### [Task statement]
Restate the full listing word for word; images stay out of it.

### [Working data]
# # # # # # #
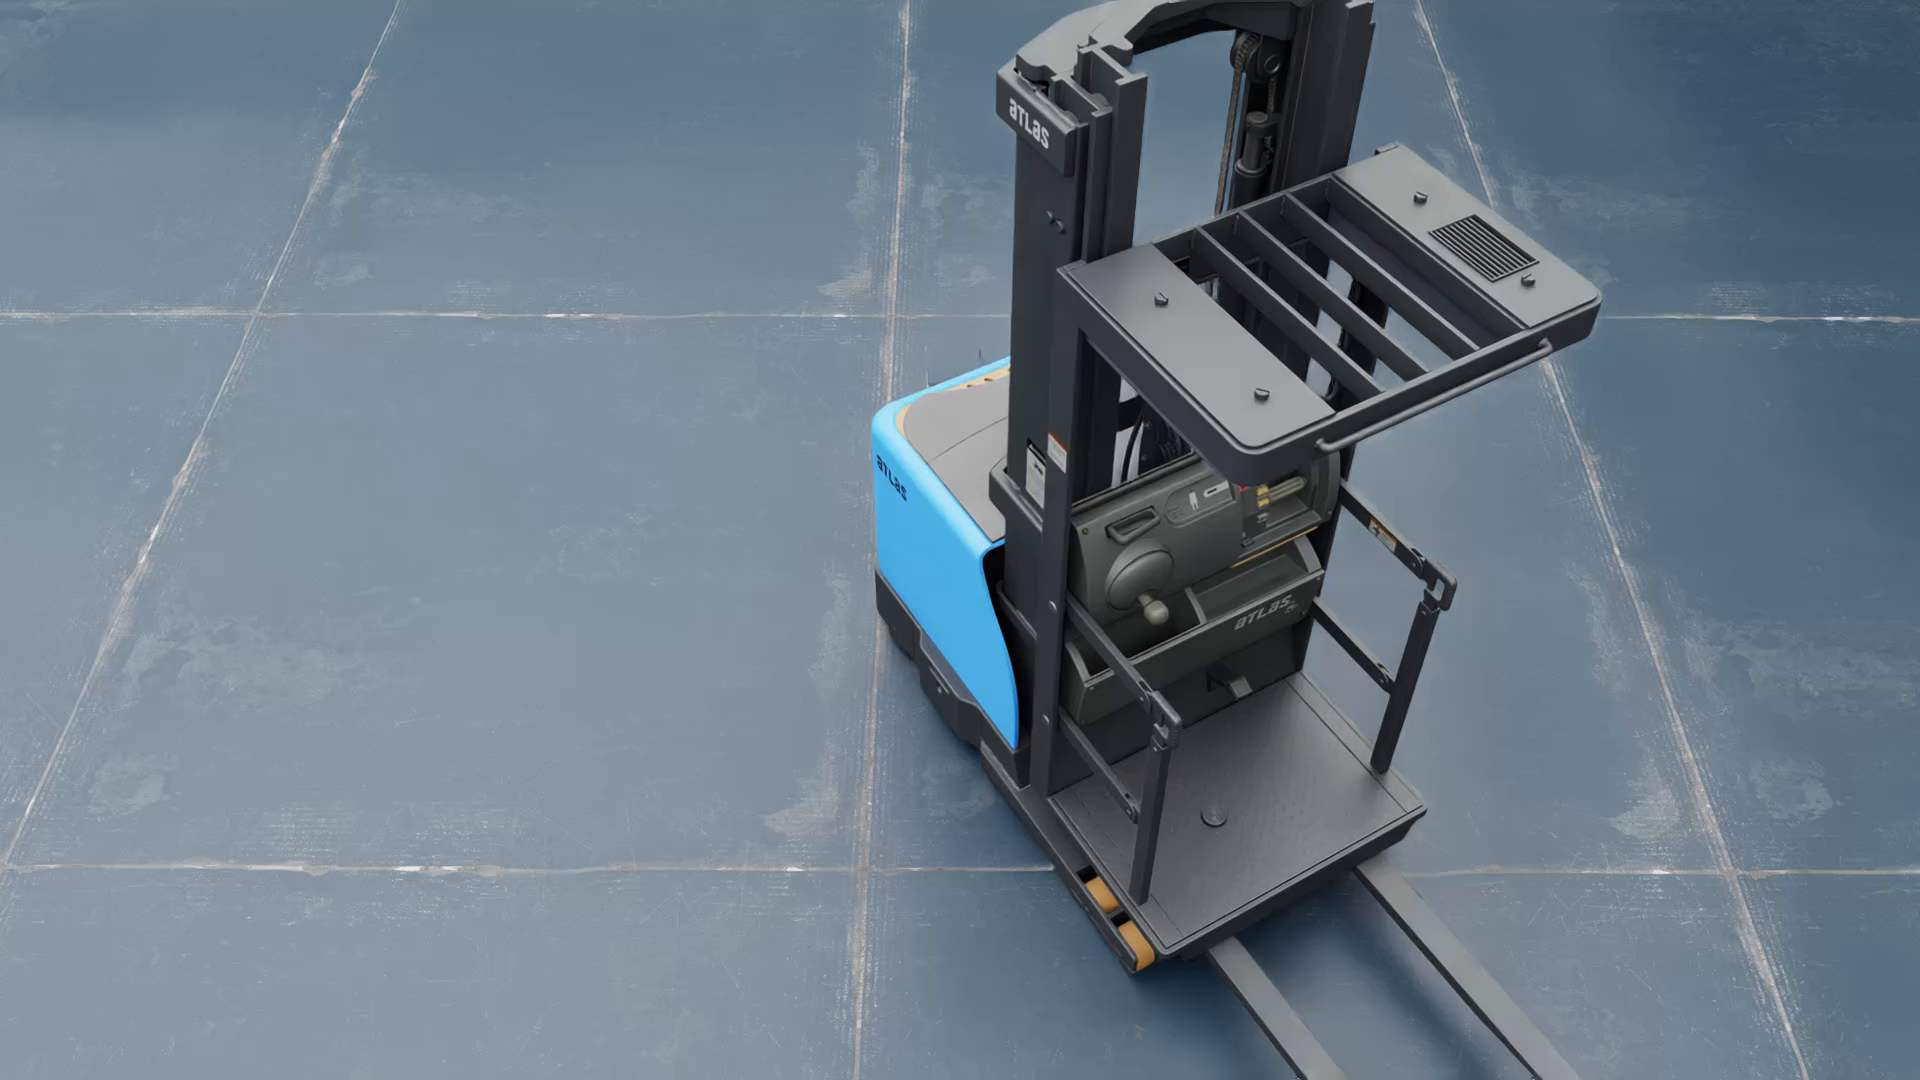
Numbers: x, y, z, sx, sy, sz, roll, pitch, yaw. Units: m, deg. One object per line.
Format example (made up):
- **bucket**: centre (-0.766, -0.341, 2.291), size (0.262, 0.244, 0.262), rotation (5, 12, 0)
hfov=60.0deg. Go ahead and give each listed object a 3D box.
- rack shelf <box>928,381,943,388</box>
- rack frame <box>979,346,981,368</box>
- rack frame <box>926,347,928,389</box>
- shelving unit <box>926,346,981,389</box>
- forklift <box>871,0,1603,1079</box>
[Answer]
- **rack shelf**: centre (-0.022, -0.499, 6.357), size (0.200, 0.077, 0.258), rotation (-1, 47, -1)
- **rack frame**: centre (0.080, -0.340, 6.532), size (0.006, 0.900, 0.240), rotation (-1, 47, -1)
- **rack frame**: centre (-0.124, -0.336, 6.529), size (0.006, 0.900, 0.240), rotation (-1, 47, -1)
- **shelving unit**: centre (-0.022, -0.338, 6.531), size (0.210, 0.900, 0.258), rotation (-1, 47, -1)
- **forklift**: centre (0.856, 0.032, 4.799), size (1.130, 2.935, 3.031), rotation (-23, 51, -20)
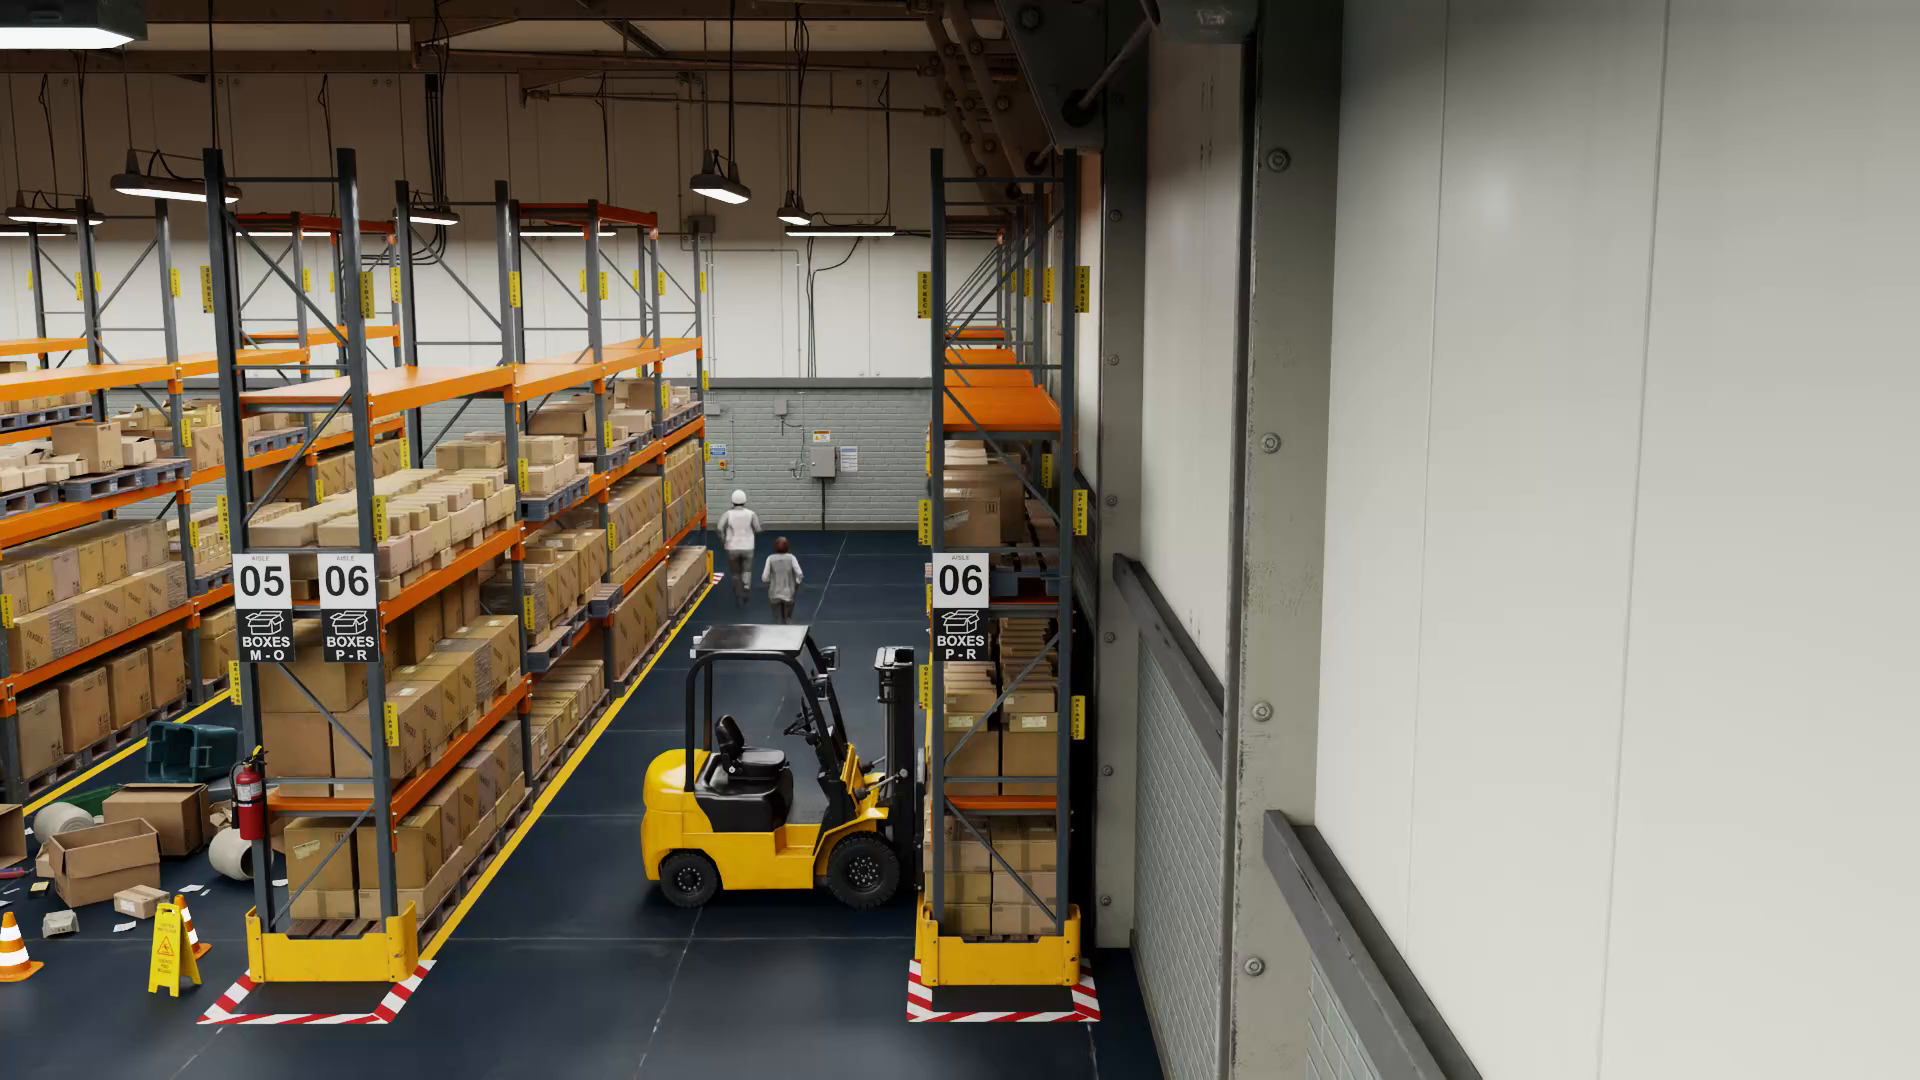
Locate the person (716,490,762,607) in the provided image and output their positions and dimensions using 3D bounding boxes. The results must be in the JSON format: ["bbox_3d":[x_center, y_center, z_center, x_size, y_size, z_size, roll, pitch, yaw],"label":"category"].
[{"bbox_3d":[-3.221,0.159,24.285,0.671,1.790,0.798,-1,9,-9],"label":"person"}]

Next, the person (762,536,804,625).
[{"bbox_3d":[-2.271,0.732,21.259,0.520,1.549,0.541,-2,9,-10],"label":"person"}]
# # # # # # #
### [Final answer]
Numbers: x, y, z, sx, sy, sz, roll, pitch, yaw. Units: m, deg. One object per line.
Format example (made up):
- **bucket**: centre (-0.766, -0.341, 2.291), size (0.262, 0.244, 0.262), rotation (5, 12, 0)
hfov=60.0deg. Go ahead and give each listed object a 3D box.
- rack shelf <box>928,381,943,388</box>
- rack frame <box>979,346,981,368</box>
- rack frame <box>926,347,928,389</box>
- shelving unit <box>926,346,981,389</box>
- forklift <box>871,0,1603,1079</box>
[Answer]
- **rack shelf**: centre (-0.022, -0.499, 6.357), size (0.200, 0.077, 0.258), rotation (-1, 47, -1)
- **rack frame**: centre (0.080, -0.340, 6.532), size (0.006, 0.900, 0.240), rotation (-1, 47, -1)
- **rack frame**: centre (-0.124, -0.336, 6.529), size (0.006, 0.900, 0.240), rotation (-1, 47, -1)
- **shelving unit**: centre (-0.022, -0.338, 6.531), size (0.210, 0.900, 0.258), rotation (-1, 47, -1)
- **forklift**: centre (0.856, 0.032, 4.799), size (1.130, 2.935, 3.031), rotation (-23, 51, -20)
Locate the person (716,490,762,607) in the provided image and output their positions and dimensions using 3D bounding boxes. The results must be in the JSON format: ["bbox_3d":[x_center, y_center, z_center, x_size, y_size, z_size, roll, pitch, yaw],"label":"category"].
[{"bbox_3d":[-3.221,0.159,24.285,0.671,1.790,0.798,-1,9,-9],"label":"person"}]

Next, the person (762,536,804,625).
[{"bbox_3d":[-2.271,0.732,21.259,0.520,1.549,0.541,-2,9,-10],"label":"person"}]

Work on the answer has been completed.